▸ Required action: The entries are to be returned exactly, with images left out.

▸ Data for analysis:
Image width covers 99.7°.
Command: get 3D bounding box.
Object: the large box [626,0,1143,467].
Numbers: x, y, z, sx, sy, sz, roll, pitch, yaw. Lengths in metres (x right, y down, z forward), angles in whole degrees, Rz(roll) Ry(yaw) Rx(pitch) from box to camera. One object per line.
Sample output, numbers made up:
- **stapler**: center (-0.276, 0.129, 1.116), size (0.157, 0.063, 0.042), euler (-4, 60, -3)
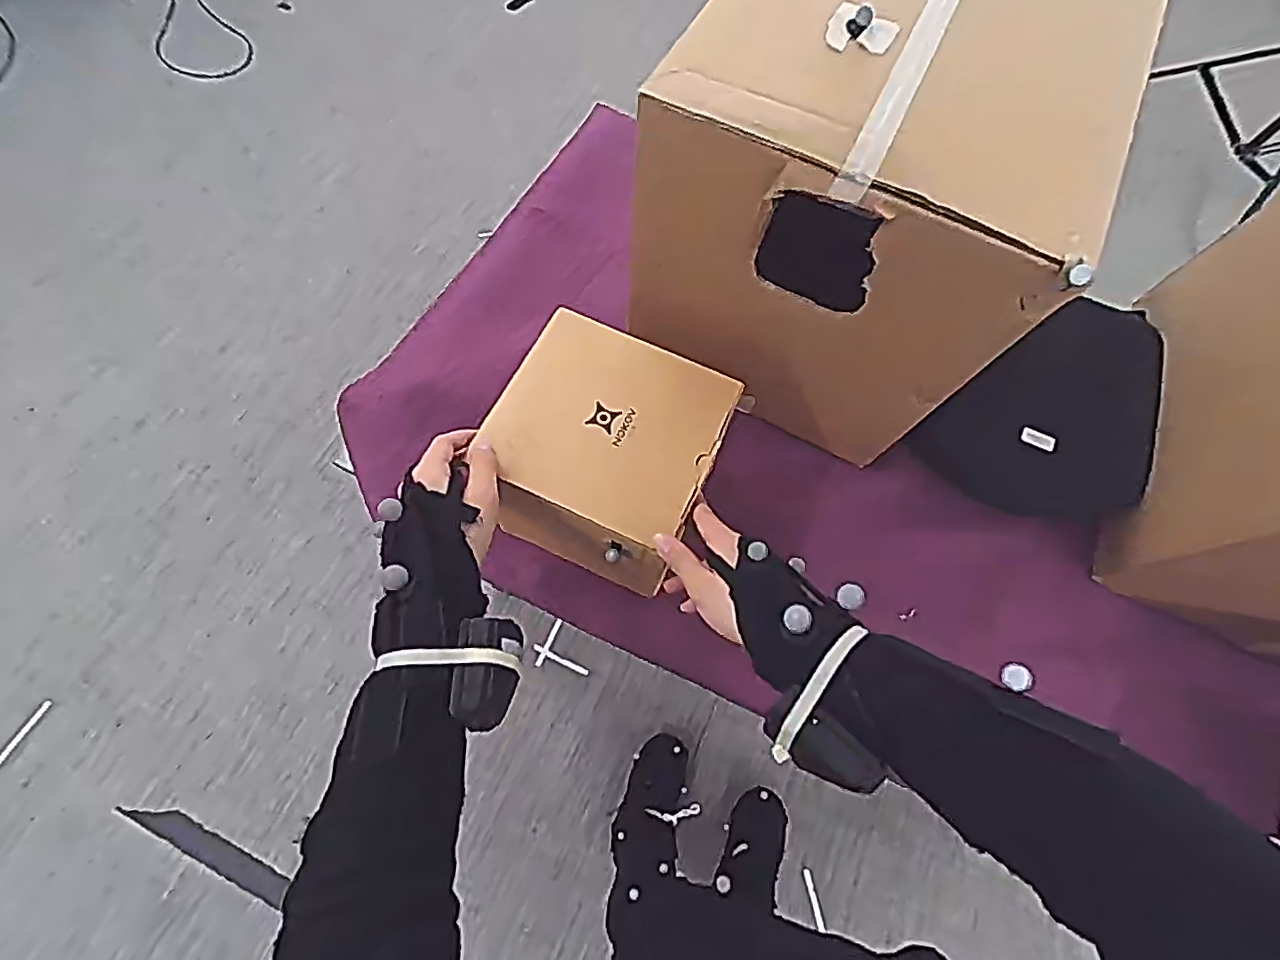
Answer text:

▸ Written answer:
Image width covers 99.7°.
Command: get 3D bounding box.
Object: the large box [626,0,1143,467].
Numbers: x, y, z, sx, sy, sz, roll, pitch, yaw. Lengths in metres (x right, y down, z forward), angles in whole degrees, Rz(roll) Ry(yaw) Rx(pitch) from box to camera. One object per line.
Sample output, numbers made up:
- **stapler**: center (-0.276, 0.129, 1.116), size (0.157, 0.063, 0.042), euler (-4, 60, -3)
Answer text:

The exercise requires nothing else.